How does a dynamic eq work?

[soundmodel]

Max's equation seems to work. Though it would still be fun to see the derivation. From the transfer func. or a difference equation.

What's strange though is that it doesn't seem to sound the same as the band-shelf I was using earlier. Or then I'm imagining the difference in how it behaves. I haven't A/B tested it.
Both are implementations of this: http://www.musicdsp.org/files/Audio-EQ-Cookbook.txt

[Miles1981]

Of course it works:
- (x + A(x)) /2 is the part outside the bandwidth you want. It stays constant
- (x - A(x)) / 2 is the part inside the bandwidth, so the K factor is the gain.

If you want the derivation, just enter (1 + H(z)) /2 + K/2 * (1 - H(z)) in any formal solver (Mathematica for instance) and you will get the result. The result may be different, as with this formulation, it seems that the denominator won't have any K factor, contrary to RBJ filters (unless I missed something again).

[camsr]

OTT but I decided to make a slew rate envelope compressor. If you have reaktor you can test it out.
http://www.kvraudio.com/forum/viewtopic ... 6&t=445156

[soundmodel]

Message removed

[JCJR]

Convert the samples to something like dB. You wouldn't have to multiply the log10 by 20. And a natural log or log2 would do just as good, just different scaling.
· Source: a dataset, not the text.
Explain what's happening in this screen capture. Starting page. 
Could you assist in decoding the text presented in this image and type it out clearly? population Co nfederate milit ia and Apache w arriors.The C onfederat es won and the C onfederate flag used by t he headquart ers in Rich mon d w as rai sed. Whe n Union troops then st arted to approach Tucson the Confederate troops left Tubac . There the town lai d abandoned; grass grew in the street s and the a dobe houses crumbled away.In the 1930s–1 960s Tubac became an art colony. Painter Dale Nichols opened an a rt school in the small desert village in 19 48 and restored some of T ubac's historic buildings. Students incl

Do linear smoothing on the log space samples. One could convert the finished envelope back to non-log scaling if the algorithm requires it. For feedforward designs, maybe it would be most convenient to leave the envelope in log space for doing the gain calculations.
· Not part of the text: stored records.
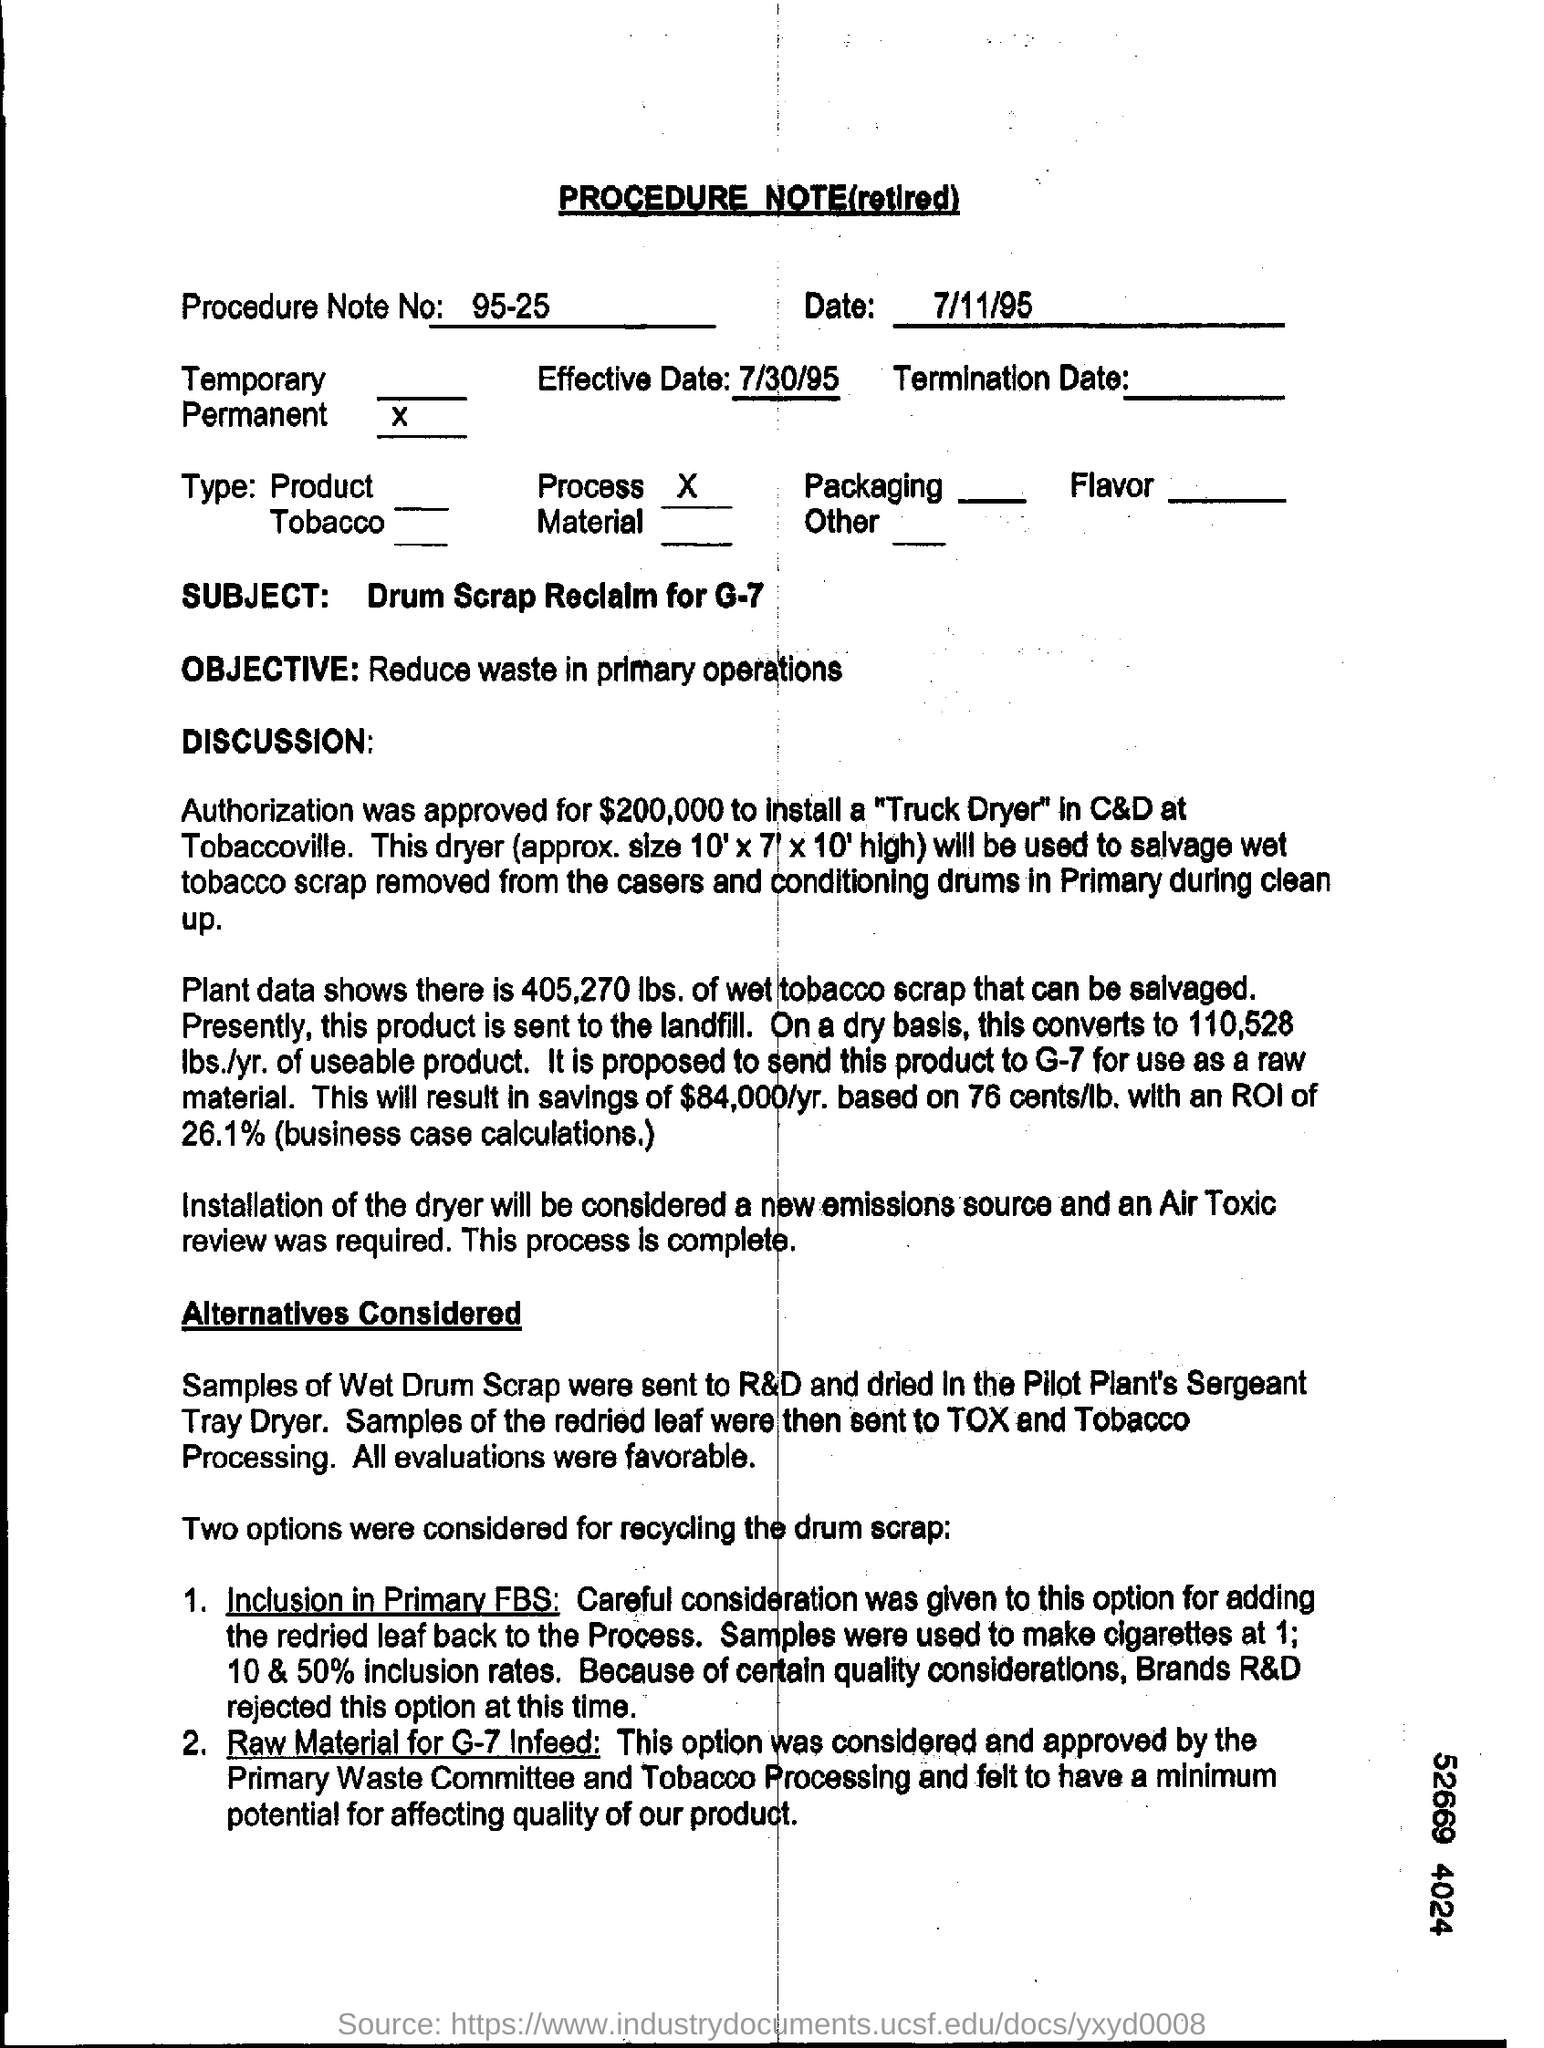What kind of document is this?
Your answer should be compact. PROCEDURE NOTE(retired). What is the Effective Date mentioned in the procedure note?
Your response must be concise. 7/30/95. What is the Procedure Note No of the given document?
Offer a terse response. 95-25. What is the subject mentioned in the procedure note?
Offer a terse response. Drum Scrap Reclalm for G-7. What is the objective as per the document?
Keep it short and to the point. Reduce waste in primary operations. As per the plant data , how much lbs. of wet tobacco scrap can be salvaged?
Your answer should be compact. 405,270.

Captain Obvious yet again reporting for duty-- Was thinking more on it. For instance a method that does--

Square the samples.
Convert the squared samples to log.
Calculate running average on the log squared instantaneous values.
AntiLog the smoothed envelope
Square root the smoothed envelope.

Doh, taking the mean of log values, after antilog, has calculated Geometric Mean rather than Arithmetic Mean! Adding logs is the same as multiply of the original non-log values.

So the envelope would not be Root Mean Square. The envelope would be Root Geometric Mean Square?
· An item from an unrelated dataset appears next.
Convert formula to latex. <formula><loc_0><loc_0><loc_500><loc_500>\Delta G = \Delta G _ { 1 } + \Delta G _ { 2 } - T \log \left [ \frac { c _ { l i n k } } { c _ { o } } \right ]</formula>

https://en.wikipedia.org/wiki/Geometric_mean

RGMS ought to be a lower value than RMS. Though it ought to work about the same in a compressor, just at a different threshold?

Supposedly a geometric mean is less sensitive than arithmetic mean to extreme large or small values in a sample set. Dunno if that would offer advantage for dynamics processing. Maybe sometimes.

Perhaps an RGMS would have a lower level of ripple than an RMS, if both use the same amount of smoothing?

Other types of smoothing such as IIR, if applied to log values, ought to also be more similar to geometric mean rather than arithmetic mean?

Does anyone know whether this geometric mean control envelope might be fairly common among extant compressors?

[Miles1981]

Agreed, grms is lower than rms. Not sure it's actually better, but yes it can limit outliers, as rms can be skewed with them. But if you don't have outliers, I feel like geometric mean is also skewed as well towards lower values.

[soundmodel]

I'm having some problems with my dynamic EQ implementation when chaining (cascading) two such processors.

The way I do it is take copy of the signal, allpass filter it, create an envelope out of it and then mix it back with the original in some gain factor.

Doing two of this in chain (cascaded) produces some weird effects (there's like no effect with some parameters and some weird filtering with some other settings) and not "two times dynamic eq" which I expect. I'm thinking, can two such processes in sequence cancel each other?

Is this supposed to work?

[soundmodel]

I'm having some problems with my dynamic EQ implementation when chaining (cascading) two such processors.

The way I do it is take copy of the signal, allpass filter it, create an envelope out of it and then mix it back with the original in some gain factor.

Doing two of this in chain (cascaded) produces some weird effects (there's like no effect with some parameters and some weird filtering with some other settings) and not "two times dynamic eq" which I expect. I'm thinking, can two such processes in sequence cancel each other?

Is this supposed to work?

Any help?

[JCJR]

If you are using allpass mixed with the original signal to get the boost/cut, do you "freeze" the effect of each dynamic band, by mixing with the original, before processing the next band?

IOW--
Band 1: Allpass original signal, mix with original signal to "freeze" the boost/cut
Band 2: Allpass the previous band output, mix with previous band output to "freeze" the second boost/cut
etc.

IMO with multiband digital EQ, it works most predictable to run each band in series.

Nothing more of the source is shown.